___ AVAILABLE DATA ___

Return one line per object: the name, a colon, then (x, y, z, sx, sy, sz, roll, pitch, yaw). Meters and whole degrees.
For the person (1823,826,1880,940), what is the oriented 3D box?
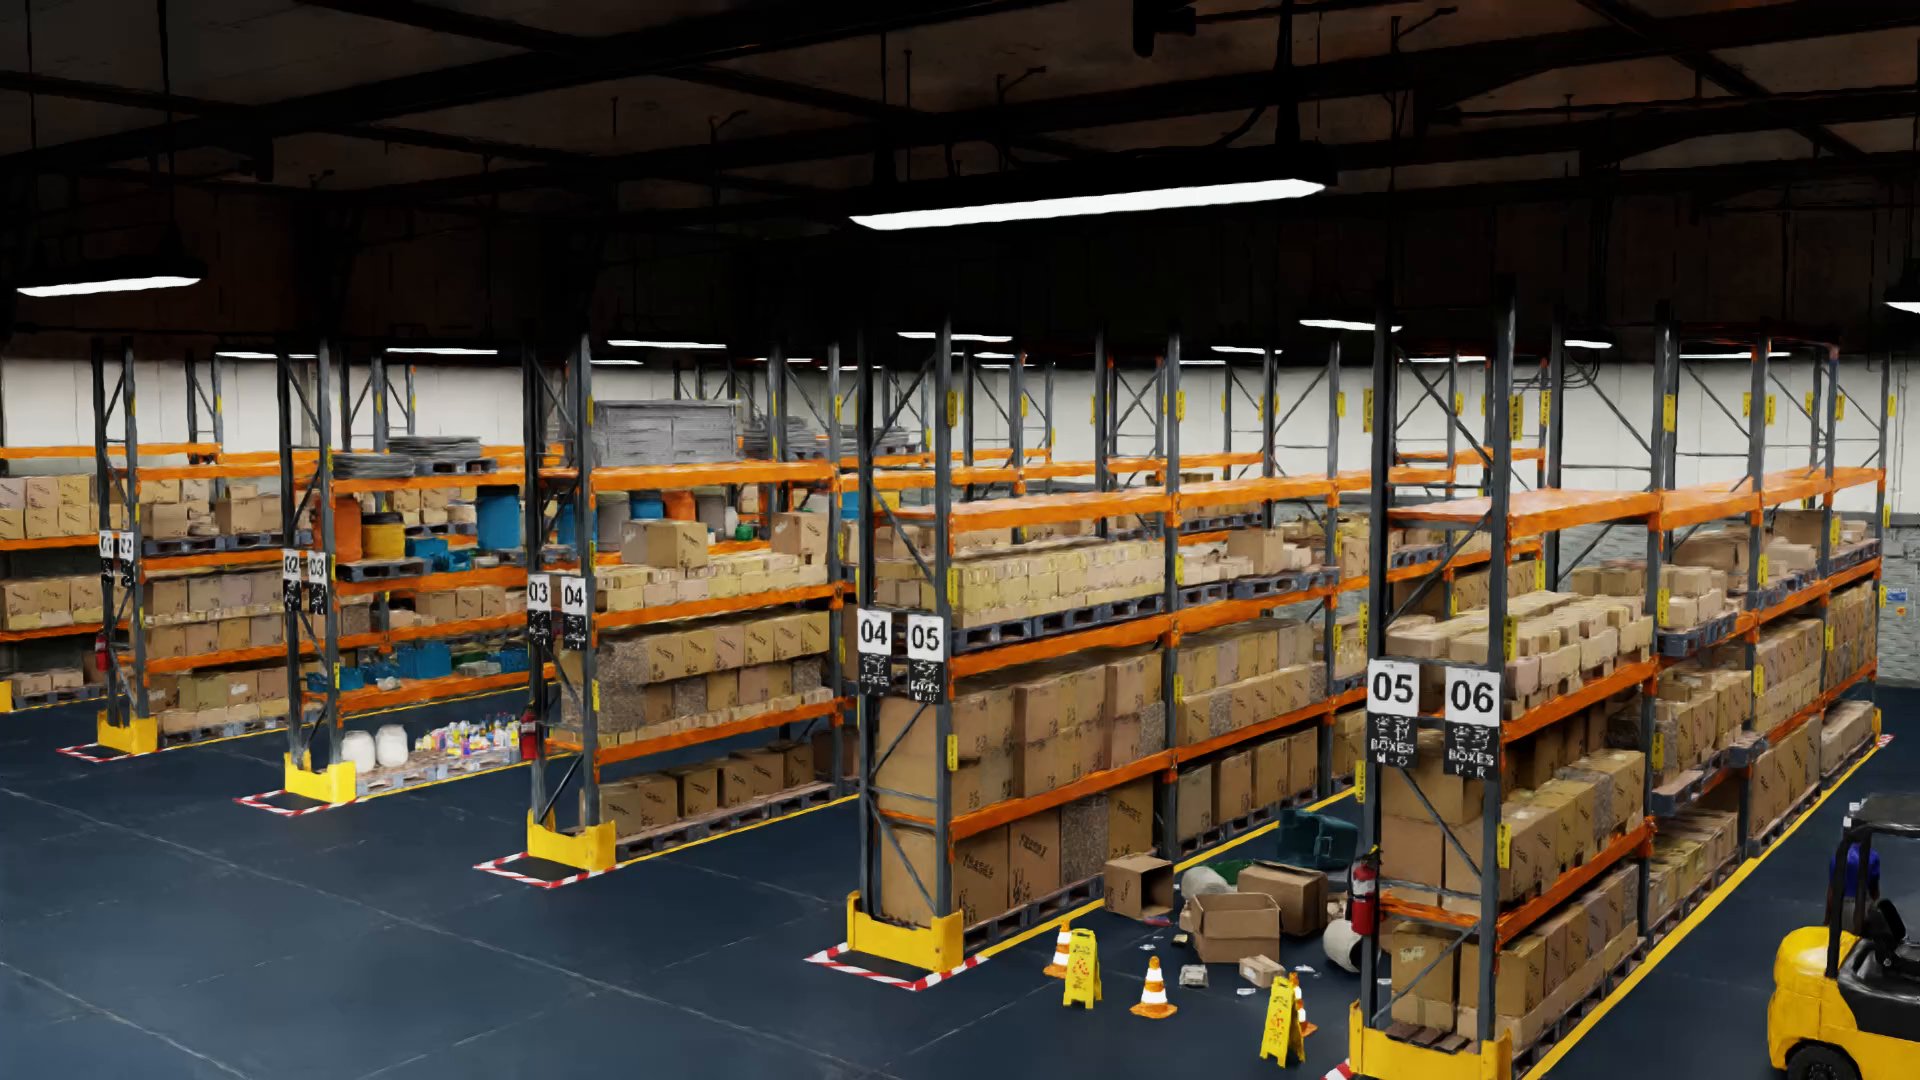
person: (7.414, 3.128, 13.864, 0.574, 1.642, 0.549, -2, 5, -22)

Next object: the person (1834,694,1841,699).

___

== YOUR GOAL ==
Find each line in the listing above that contains "object", and copy that line.

== EXERCISE RESULT ==
Return one line per object: the name, a colon, then (x, y, z, sx, sy, sz, roll, pitch, yaw). Meters and whole degrees.
Next object: the person (1834,694,1841,699).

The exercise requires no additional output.